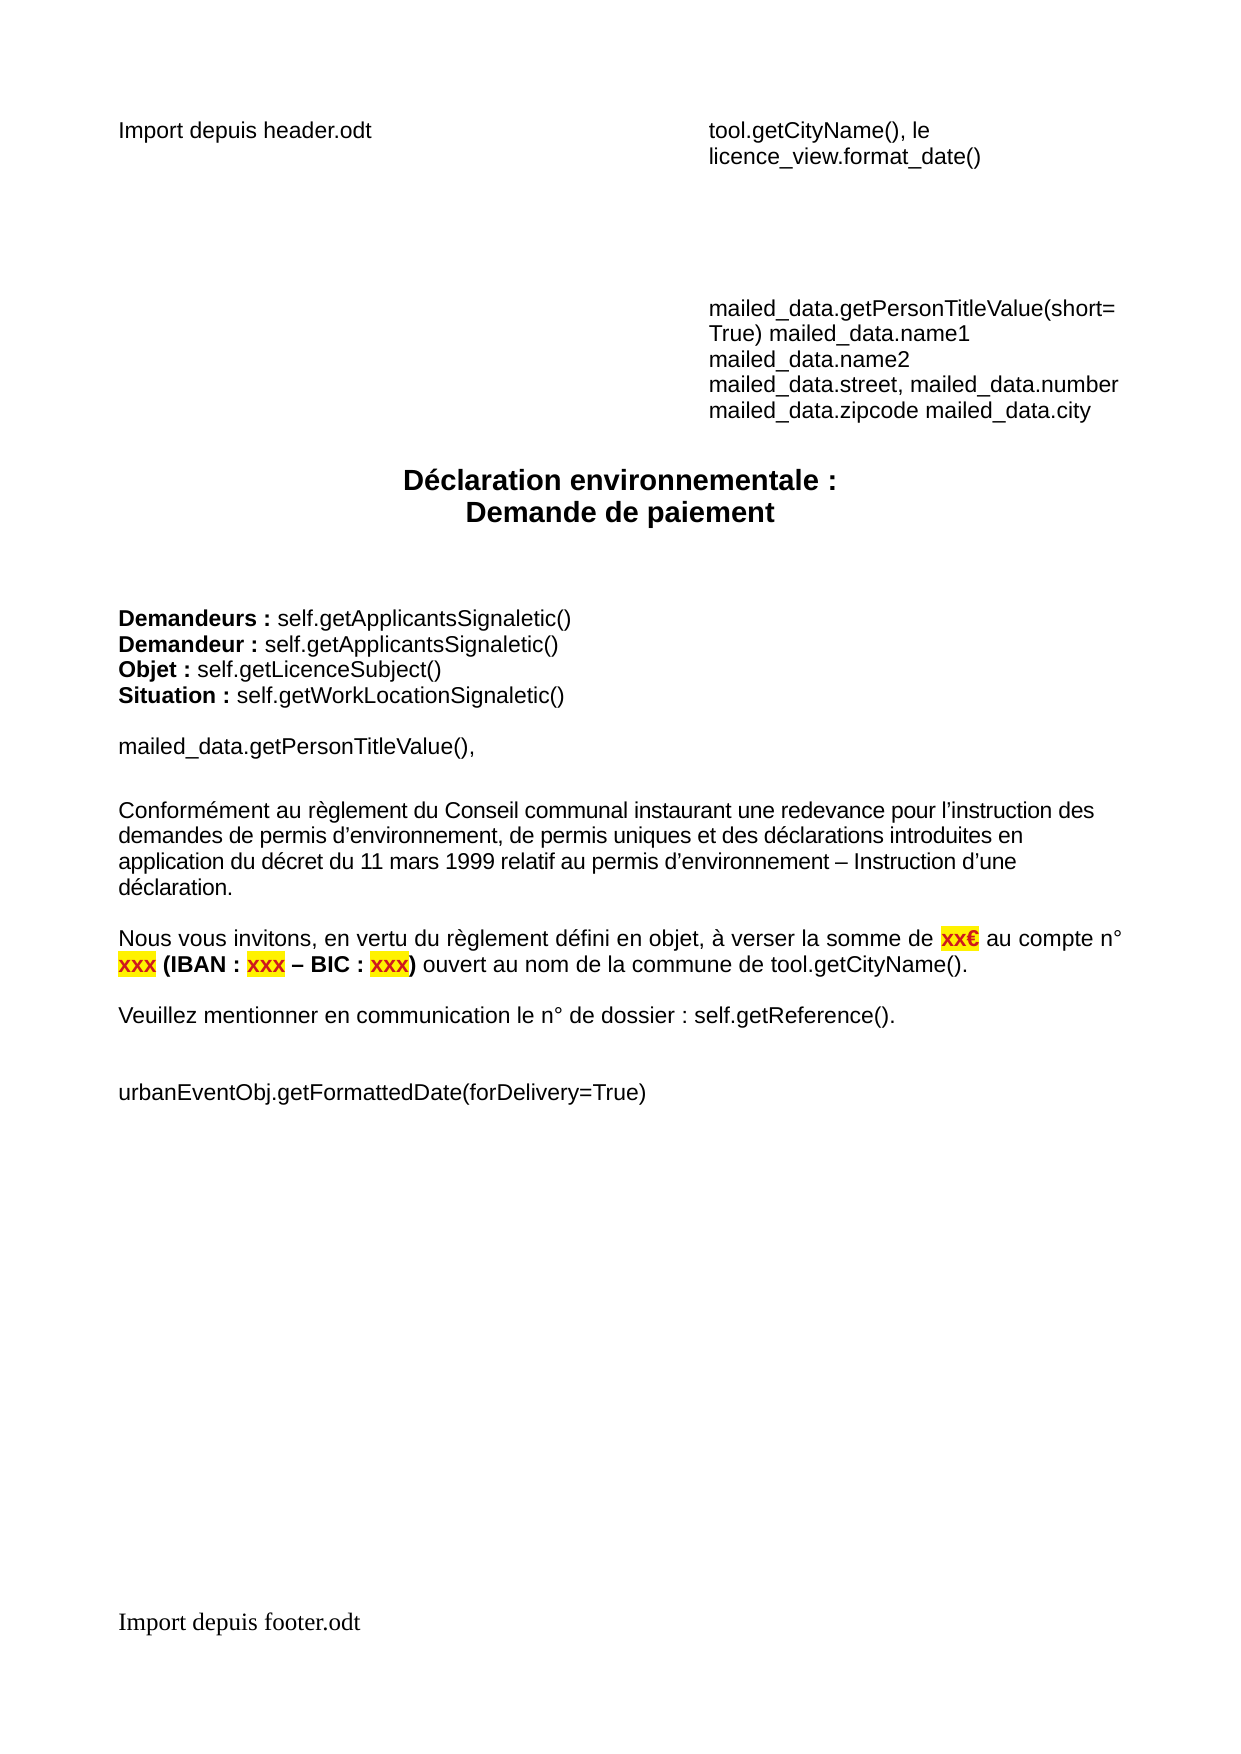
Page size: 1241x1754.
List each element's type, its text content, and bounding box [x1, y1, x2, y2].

text Demandeur : self.getApplicantsSignaletic() [118, 631, 1122, 657]
text urbanEventObj.getFormattedDate(forDelivery=True) [118, 1079, 1122, 1105]
title Demande de paiement [118, 496, 1122, 529]
text Situation : self.getWorkLocationSignaletic() [118, 682, 1122, 708]
title Déclaration environnementale : [118, 463, 1122, 496]
text Demandeurs : self.getApplicantsSignaletic() [118, 606, 1122, 631]
text Conformément au règlement du Conseil communal instaurant une redevance pour l’instruction des demandes de permis d’environnement, de permis uniques et des déclarations introduites en application du décret du 11 mars 1999 relatif au permis d’environnement – Instruction d’une déclaration. [118, 797, 1122, 900]
table_header tool.getCityName(), le licence_view.format_date() mailed_data.getPersonTitleValue(short=True) mailed_data.name1 mailed_data.name2 mailed_data.street, mailed_data.number mailed_data.zipcode mailed_data.city [709, 118, 1123, 436]
text Nous vous invitons, en vertu du règlement défini en objet, à verser la somme de xx€ au compte n° xxx (IBAN : xxx – BIC : xxx) ouvert au nom de la commune de tool.getCityName(). [118, 926, 1122, 977]
text Veuillez mentionner en communication le n° de dossier : self.getReference(). [118, 1002, 1122, 1028]
table_header Import depuis header.odt [118, 118, 708, 436]
text mailed_data.getPersonTitleValue(), [118, 734, 1122, 759]
text Objet : self.getLicenceSubject() [118, 657, 1122, 682]
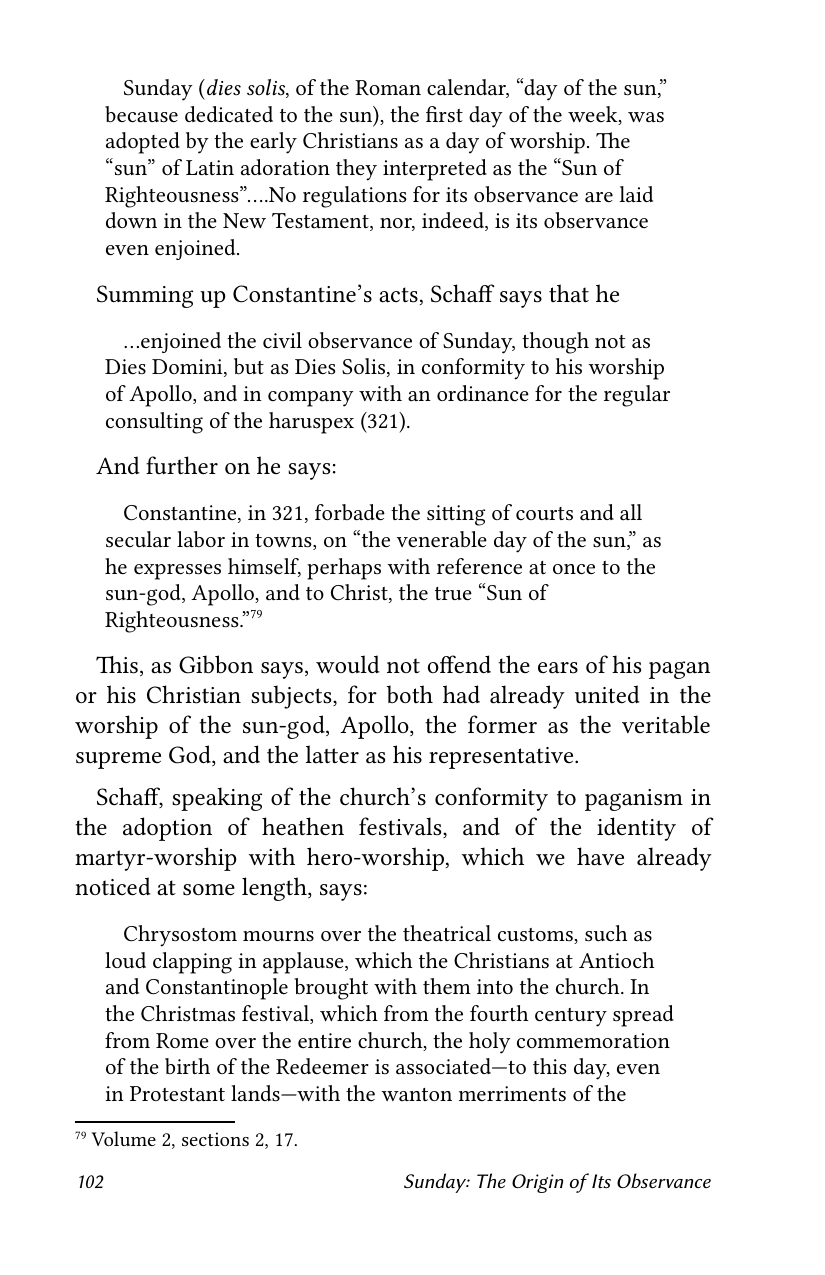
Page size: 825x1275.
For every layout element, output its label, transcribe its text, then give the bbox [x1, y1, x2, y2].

text Sunday (dies solis, of the Roman calendar, “day of the sun,” because dedicated to the sun), the first day of the week, was adopted by the early Christians as a day of worship. The “sun” of Latin adoration they interpreted as the “Sun of Righteousness”….No regulations for its observance are laid down in the New Testament, nor, indeed, is its observance even enjoined. [105, 75, 682, 261]
text Volume 2, sections 2, 17. [75, 1128, 712, 1152]
text This, as Gibbon says, would not offend the ears of his pagan or his Christian subjects, for both had already united in the worship of the sun-god, Apollo, the former as the veritable supreme God, and the latter as his representative. [75, 652, 712, 770]
text Schaff, speaking of the church’s conformity to paganism in the adoption of heathen festivals, and of the identity of martyr-worship with hero-worship, which we have already noticed at some length, says: [75, 783, 712, 901]
text Summing up Constantine’s acts, Schaff says that he [75, 280, 712, 308]
text Constantine, in 321, forbade the sitting of courts and all secular labor in towns, on “the venerable day of the sun,” as he expresses himself, perhaps with reference at once to the sun-god, Apollo, and to Christ, the true “Sun of Righteousness.” [105, 500, 682, 633]
text And further on he says: [75, 452, 712, 481]
text ...enjoined the civil observance of Sunday, though not as Dies Domini, but as Dies Solis, in conformity to his worship of Apollo, and in company with an ordinance for the regular consulting of the haruspex (321). [105, 328, 682, 434]
text Chrysostom mourns over the theatrical customs, such as loud clapping in applause, which the Christians at Antioch and Constantinople brought with them into the church. In the Christmas festival, which from the fourth century spread from Rome over the entire church, the holy commemoration of the birth of the Redeemer is associated—to this day, even in Protestant lands—with the wanton merriments of the [105, 921, 682, 1107]
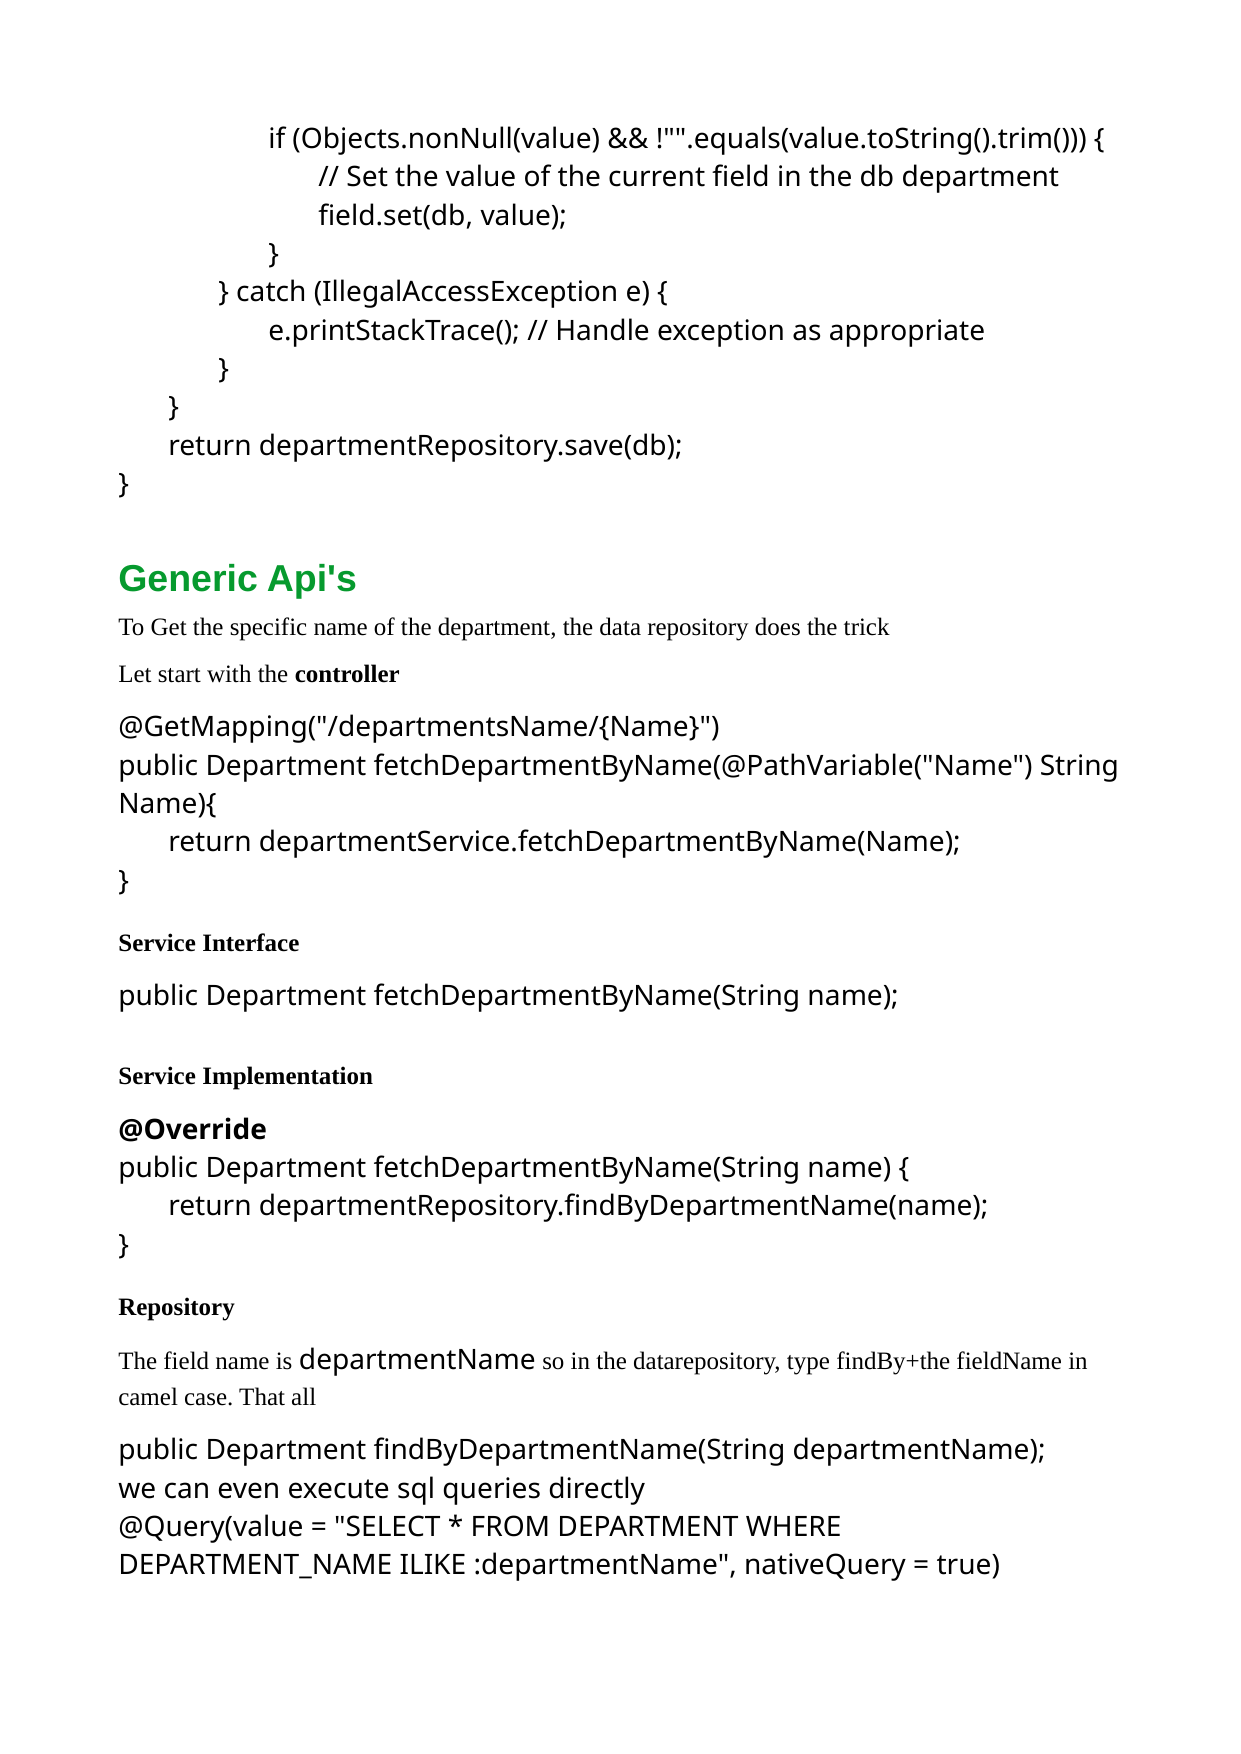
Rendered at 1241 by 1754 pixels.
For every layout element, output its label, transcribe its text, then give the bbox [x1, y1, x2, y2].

text public Department findByDepartmentName(String departmentName); [118, 1430, 1122, 1468]
text To Get the specific name of the department, the data repository does the trick [118, 612, 1122, 640]
text public Department fetchDepartmentByName(@PathVariable("Name") String Name){ [118, 745, 1122, 822]
text } [118, 233, 1122, 271]
text // Set the value of the current field in the db department [118, 156, 1122, 195]
text Repository [118, 1292, 1122, 1321]
text Service Implementation [118, 1061, 1122, 1090]
text if (Objects.nonNull(value) && !"".equals(value.toString().trim())) { [118, 118, 1122, 156]
text @Query(value = "SELECT * FROM DEPARTMENT WHERE DEPARTMENT_NAME ILIKE :departmentName", nativeQuery = true) [118, 1506, 1122, 1583]
text } [118, 463, 1122, 501]
text } [118, 386, 1122, 425]
text } [118, 860, 1122, 898]
text } [118, 1224, 1122, 1262]
text } [118, 348, 1122, 386]
subtitle Generic Api's [118, 556, 1122, 599]
text @Override [118, 1109, 1122, 1147]
text public Department fetchDepartmentByName(String name) { [118, 1147, 1122, 1186]
text Let start with the controller [118, 659, 1122, 688]
text return departmentRepository.save(db); [118, 425, 1122, 463]
text The field name is departmentName so in the datarepository, type findBy+the fieldName in camel case. That all [118, 1339, 1122, 1411]
text e.printStackTrace(); // Handle exception as appropriate [118, 310, 1122, 348]
text we can even execute sql queries directly [118, 1468, 1122, 1506]
text Service Interface [118, 928, 1122, 957]
text public Department fetchDepartmentByName(String name); [118, 976, 1122, 1014]
text return departmentService.fetchDepartmentByName(Name); [118, 822, 1122, 860]
text @GetMapping("/departmentsName/{Name}") [118, 707, 1122, 745]
text } catch (IllegalAccessException e) { [118, 271, 1122, 310]
text return departmentRepository.findByDepartmentName(name); [118, 1186, 1122, 1224]
text field.set(db, value); [118, 195, 1122, 233]

● **What the task asks**
How many lines of the entries above hold the string "departmentRepository"? Reply with the number alone.

● **Answer to this exercise**
2